For me,  “Weird” contains these elements:

  1. Unknown forces existing outside our dimensions (“beyond Time and Space”).
  2. The questioning of reality itself (are we in a movie? Is that crazy guy actually shaping reality?)
  3. The interrogation of how consciousness fits within reality, especially within flesh.

For me, the goal is to create nausea, not just polypy-squid nausea. Existential nausea is the feeling you get when you consider that not only will existence go on without you, it has been without you for longer than you can comprehend both before and after, in a place that is the briefest flash in existence, if indeed “existence” actually has objective substance. Hold me.

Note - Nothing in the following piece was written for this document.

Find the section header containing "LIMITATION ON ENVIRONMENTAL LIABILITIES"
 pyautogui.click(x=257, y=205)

The use of a nameless cult who know The Truth, or a scientist finding The Secret, or an artist who can shape The Universe, is how we get the reader to connect with nausea. The POV character has one assumption peeled away (like the real purpose of mission), then another (that his mission is safe), leaving to fall away the rules of society, of perception, of nature, of value, then finally, of comprehension.

If you want to learn more about “Weird”, try the movies mentioned above, especially “From Beyond” and “In The Mouth Of Madness”. Also try:

  • “Resolution”, like “ITMoM”
  • “Absentia”, for critters beyond T&S

In fiction, try:

  • Any H.P. Lovecraft, especially “The Whisperer In Darkness” and “The Color Out Of Space”. They would be standard Doctor Who fare now, but that tells you something.
  • “The Grin In The Dark”, as much as he bumbles in this book, Ramsey Campbell has some really cool ideas about the development of consciousness.

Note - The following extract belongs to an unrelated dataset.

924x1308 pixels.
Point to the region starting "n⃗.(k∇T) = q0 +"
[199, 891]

Do not try “The Weird”, a compendium by Jeff and Ann VanderMeer. I love this book, but their definition spreads so far afield as to be nearly meaningless.  Read it for entertainment.

These brief lists are of media which provokes that feeling I described.

Are there books or movies that make you wonder if you are safe at all, or sane, or even exist?  TELL ME.